The FY2022 Vital Statistics by Japan’s Ministry of Health, Labour and Welfare shows that malignant neoplasms (tumors) are the leading cause of death in Japan, accounting for 24.6% of all deaths, followed by heart diseases (excluding hypertension, 14.8%) and senility (11.4%). Moreover, the mortality rate from malignant neoplasms has been increasing since 1947, and overcoming cancer is a very urgent issue for our society today. Traditionally, cancer treatment relied on the fundamental principle of “removing cancer cells or the affected organs.” This led to the development of surgical procedures, radiation therapy, and chemotherapy. However, a “deeper understanding of cancer” is crucial for genuinely overcoming it. Advancements in research on cancer pathophysiology have paved the way for the application of molecular-targeted therapies and immunotherapy. While these innovative therapies have considerably improved patient outcome, they primarily address the pathological condition at diagnosis, failing to anticipate potential future changes in cancer cells. For even more effective treatment of the disease, we need a spatio-temporal understanding of the mechanisms driving cancer development, malignant transformation, and metastasis. This knowledge would allow us to surpass the evolution of cancer proactively.

Dr. Hiroshi Suzuki addresses this issue by converging life sciences, genetic engineering, and information sciences. His initial focus landed on extrachromosomal circular DNA (eccDNA), a newly discovered genomic abnormality in cancer. The eccDNA, found in many cancer cells, harbors key oncogenes and enhancers known to fuel malignant transformation and impact prognosis. Through meticulous screening, Dr. Suzuki has identified a group of genes vital for the survival of cancer cells harboring eccDNA. By unraveling the mechanisms behind eccDNA production and distribution, he aims to develop novel therapeutic strategies against cancer. In addition, he has further engineered a groundbreaking technology capable of double-labeling individual cells with both multicolor fluorescence and DNA barcodes through a gradual tuning of the CRISPR-Cas9 system. Dr. Suzuki plans to perform these analyses on various cancer samples and analyze the spatiotemporal changes in cellular information obtained from these analyses using machine learning to capture cancer in four dimensions. This concept is innovative, as it aims to predict the future of cancer cells and surpass their evolution. It has the potential to lead to innovative diagnostic and therapeutic methods.

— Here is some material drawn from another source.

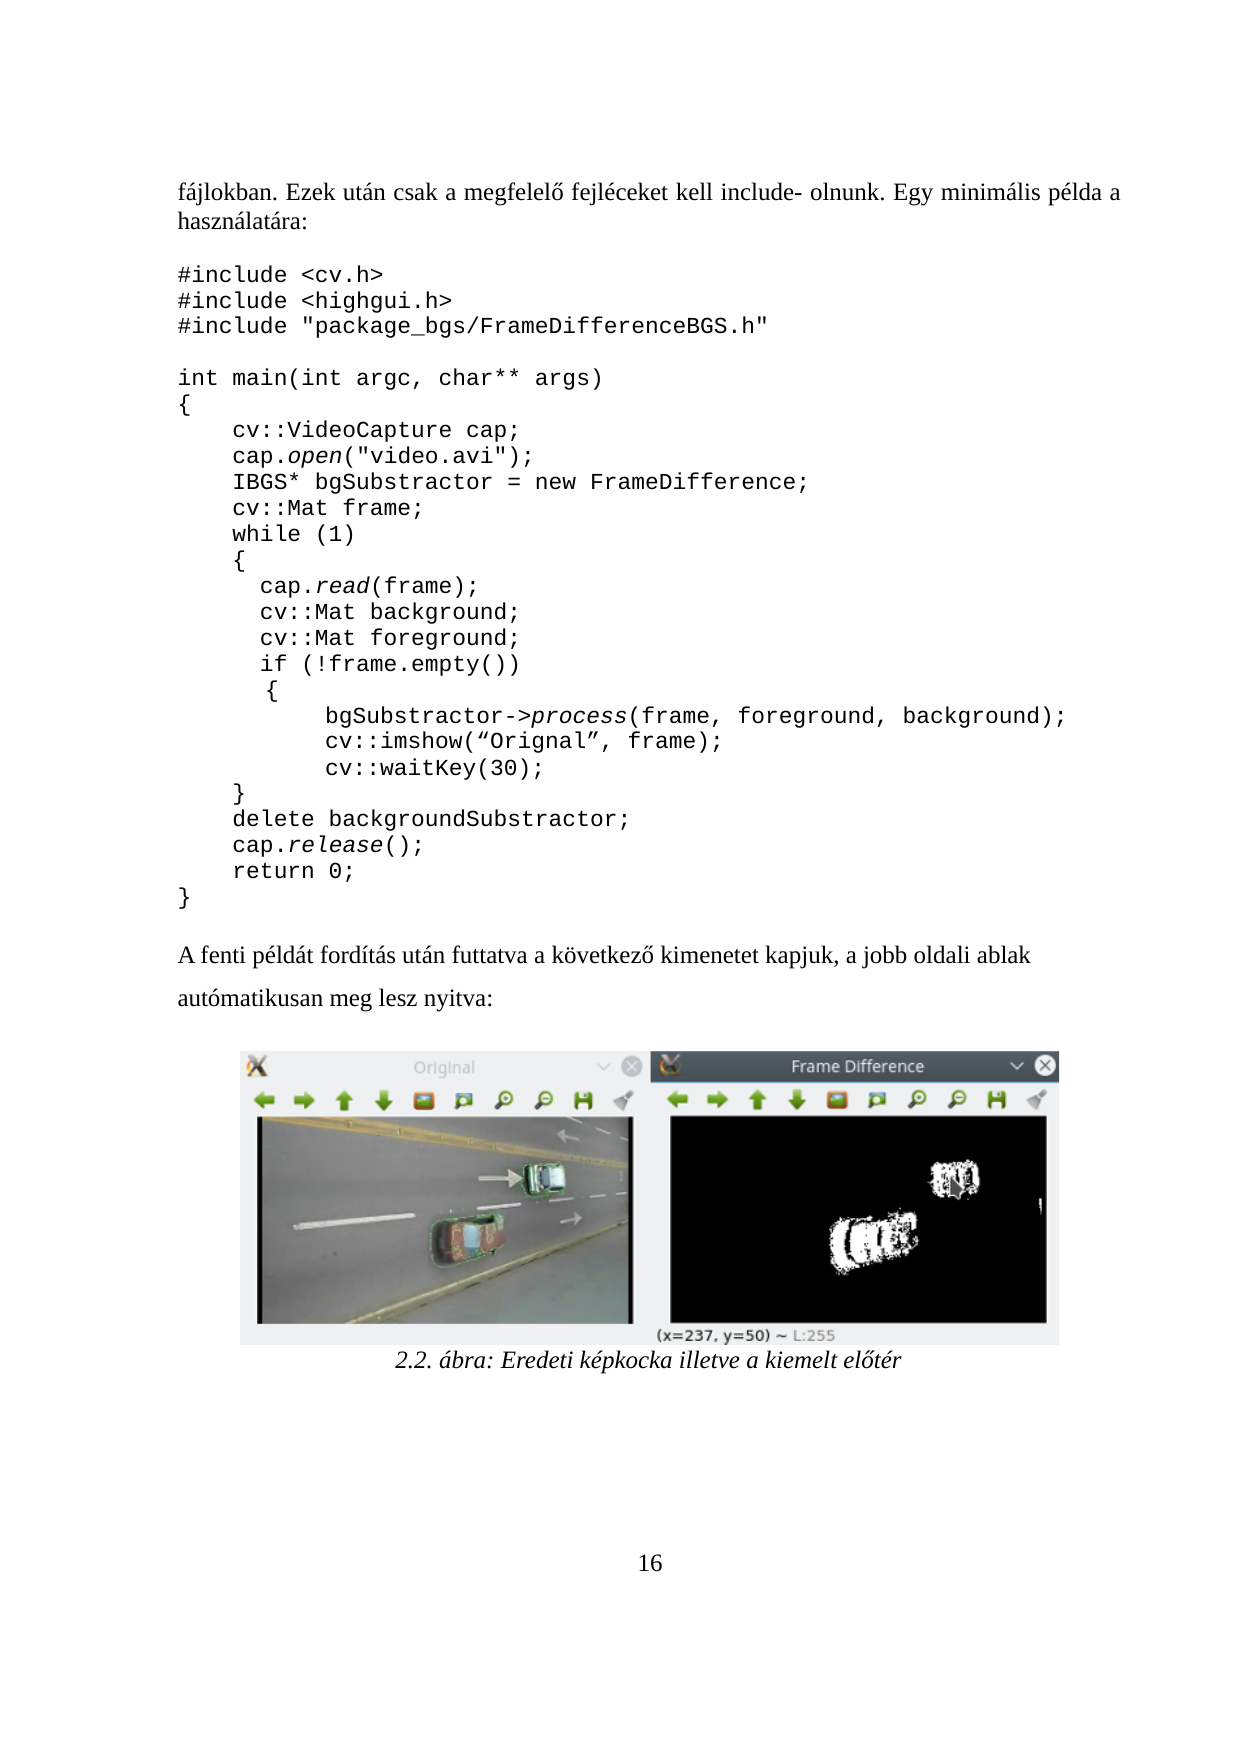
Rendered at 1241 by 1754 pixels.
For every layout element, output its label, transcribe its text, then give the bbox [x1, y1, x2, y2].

Dr. Suzuki is a promising young researcher. After three years of clinical practice as a hematologist/oncologist, he conducted groundbreaking cancer research for 13 years at the University of Tokyo and the Massachusetts Institute of Technology, achieving remarkable results. In 2020, he was appointed as a professor of molecular oncology at the Graduate School of Medicine, Nagoya University. Integrating spatiotemporal dynamics analysis of cells and organs using genomic and epigenomic analysis with predictive modeling powered by machine learning is a significant trend in medical research. Moreover, machine learning requires high-quality and abundant analytical data. We expect that Dr. Suzuki, in collaboration with clinicians, will significantly contribute to overcoming cancer by unraveling the mysteries of cancer cells in the next decade as an InaRIS fellow.

Message from Fellow

InaRIS is a unique system that supports not only the research project but also the researchers themselves over a long period of 10 years. I am grateful and feel a sense of responsibility. While medical research is largely divided into basic research and clinical research, I would like to take up the challenge of finding a singularity that goes beyond the basics and spills over into a wide range of research fields, and that will shift the center of gravity of human thinking.